9.2. Any such grievance must be lodged within 10 working days of the Placements Committee’s publication. Placement against which no grievances have been lodged within the 10 working days period will be deemed to be final.
9.3 Should a grievance be lodged arising out of the placement of any employee/s, a meeting shall be convened within 5 working days between the employees, management and the Staff Placement Committee. All relevant information requested will be made available.
9.4. Should the parties reach agreement; the proposed placements will be implemented.
9.5. Should the parties disagree and should the matter not be resolved within a period of 10 working days as to whether the proposed placement is reasonable, and should the grievant wish to pursue the matter further, the grievant shall be required to refer the matter to arbitration in terms of the agreed procedures within 7 working days from the date of the last meeting.
9.6. The terms of reference of the arbitrator will be to determine whether the placement against which a grievance has been lodged is reasonable or unreasonable taking into account the provision of this Placement Policy.
9.7. Should the arbitrator rule that the placement proposal is reasonable, the employee/s concerned shall be obliged to accept the placement.
9.8. Should the arbitrator rule that the placement proposal is unreasonable he/she will be entitled to make a determination having heard representations from the following parties:-
● the aggrieved employee and his/her Union representative
● the employer representative
● the employee who has been placed into the post in dispute (if post not vacant) and his/her Union representative.”
Before the Labour Court
[16] The argument advanced by the respondents before the court a quo was to the effect that the appellant had failed to distinguish between the role of the trade union representatives on the Staff Placement Committee and their separate and distinct role as representative of the aggrieved employees.

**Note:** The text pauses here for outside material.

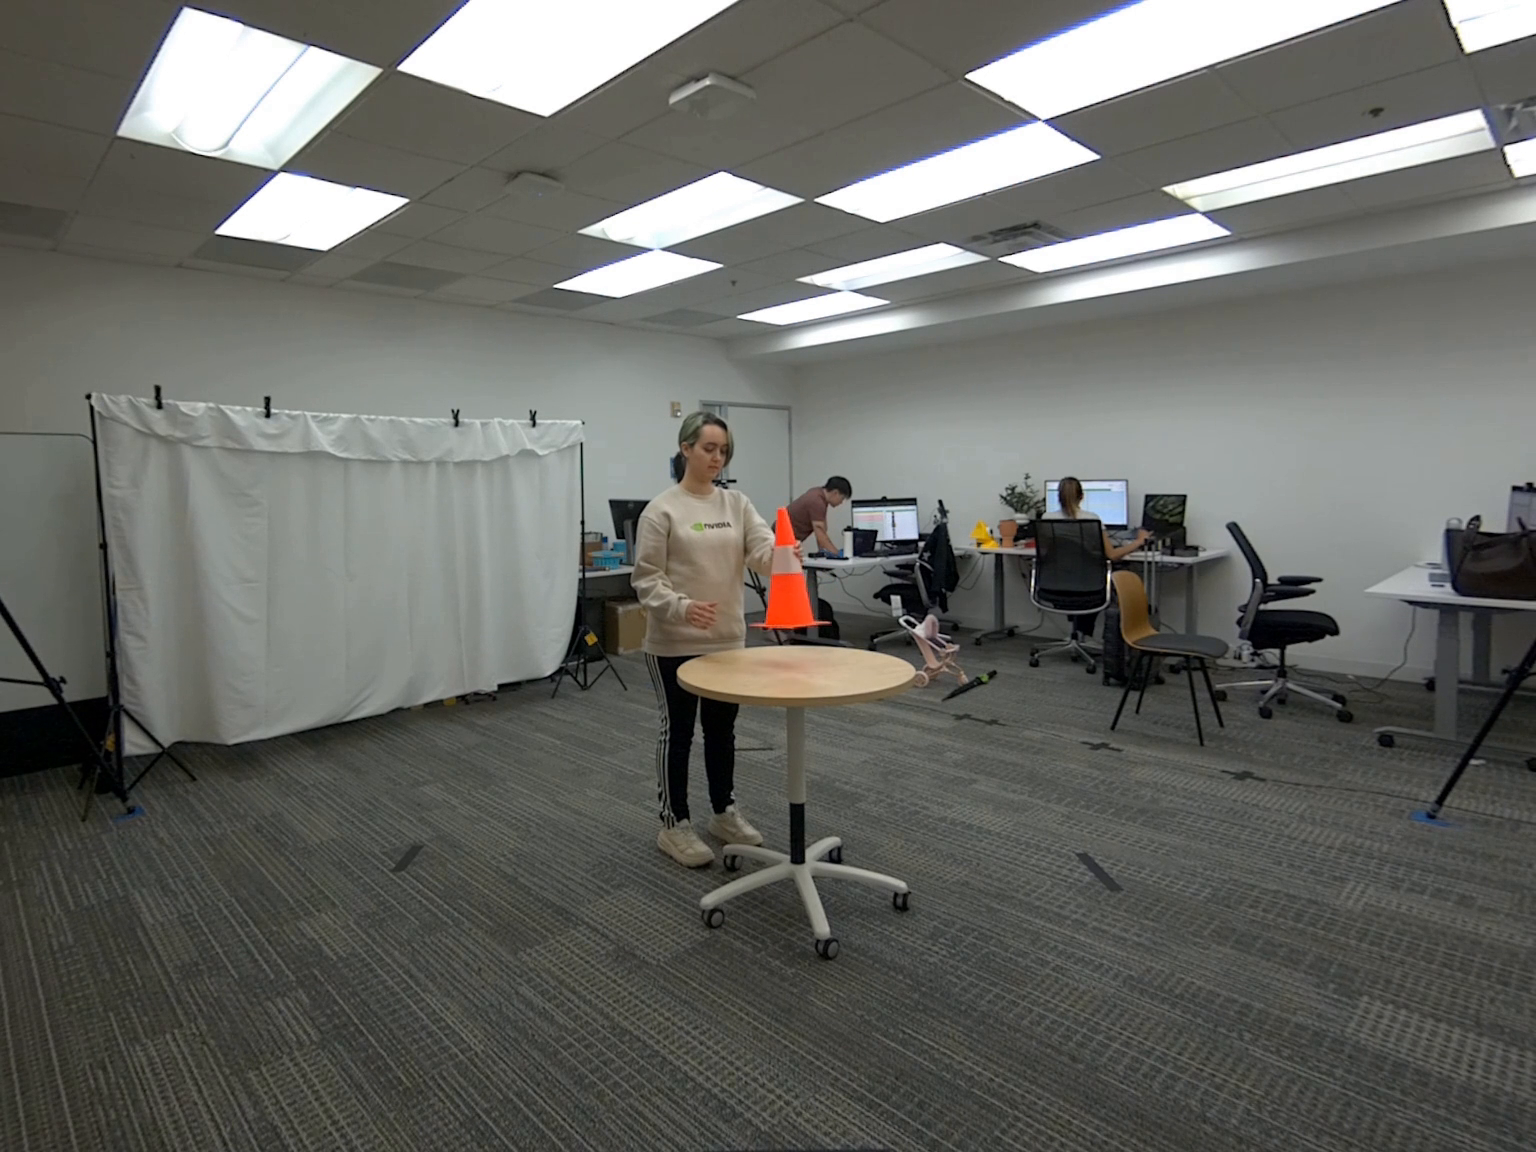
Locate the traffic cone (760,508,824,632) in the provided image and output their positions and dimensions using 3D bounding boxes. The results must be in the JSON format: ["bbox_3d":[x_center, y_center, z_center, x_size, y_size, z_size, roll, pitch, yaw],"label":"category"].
[{"bbox_3d":[0.060,-0.038,2.797,0.208,0.385,0.199,-7,-3,39],"label":"traffic cone"}]

Clause 9.3 of the Placement Policy contemplated a meeting between:-
(a) the Staff Placement Committee (comprising members of the appellant and the two trade unions);
(b) management, representing the appellant; and
(c) the grievant employee and/or it’s union representative.
[17] Clause 9.4 and 9.5 contemplate an agreement (or lack thereof) between the parties at the meeting and not simply consensus between the constituent members of the Placement Committee. It was submitted that the word “parties” in clause 9.4 refer to all those present at the meeting contemplated in clause 9.3. Although the Placement Committee had reached consensus, this was not acceptable to the employees. That being so, it was submitted that the provisions of clause 9.5 became applicable as “the parties disagree” and the employees therefore had a right to refer the matter to arbitration. Consequently, the respondents were entitled to an interdict suspending further placement pending the outcome of arbitration proceedings.
[18] The court a quo accepted this argument as advanced on behalf of the respondents and concluded,
“29. Clause 9.2 – 9.5 a couched in the form of a step by step procedure to be followed depending on whether the “parties” reach and agreement or not. In terms of Clause 9.8, the arbitrator is to make a determination having heard representations from the “parties” which include the aggrieved employee and his/her union representative. Therefore, “parties” include the union.
30.
The terms of the Placement Policy therefore contemplated there being
two sets of parties. There are parties that took part in
the creation
and adoption of the policy and there are parties to a grievance
resolution of which is made dependant on the terms
of the policy. To
give to the parties that meaning which the respondent describes would
certainly lead to an enological result
of the referring union having
to recuese itself from the staff placement committee
because of its rvested interest in the grievance.
The result is that the staff placement committee might not even be
able to sit. Similarly, a representative
of the respondent in the
staff placement committee might have to recuese
themselves.”
[19] The effect of the court a quo’s judgment was that the placements were not final and still the subject of an arbitration process and that it was, therefore premature, for the appellant to have placed the respondents in the new structures.
[20] The appellant applied for and was granted leave to appeal to this Court against the whole of the judgment of the Labour Court delivered on 31 August 2009.
On appeal
[21] The appellant has submitted that the primary issue is the proper interpretation to be given to the word “parties” as it is appears in paragraph 9.4 of the Placement Policy.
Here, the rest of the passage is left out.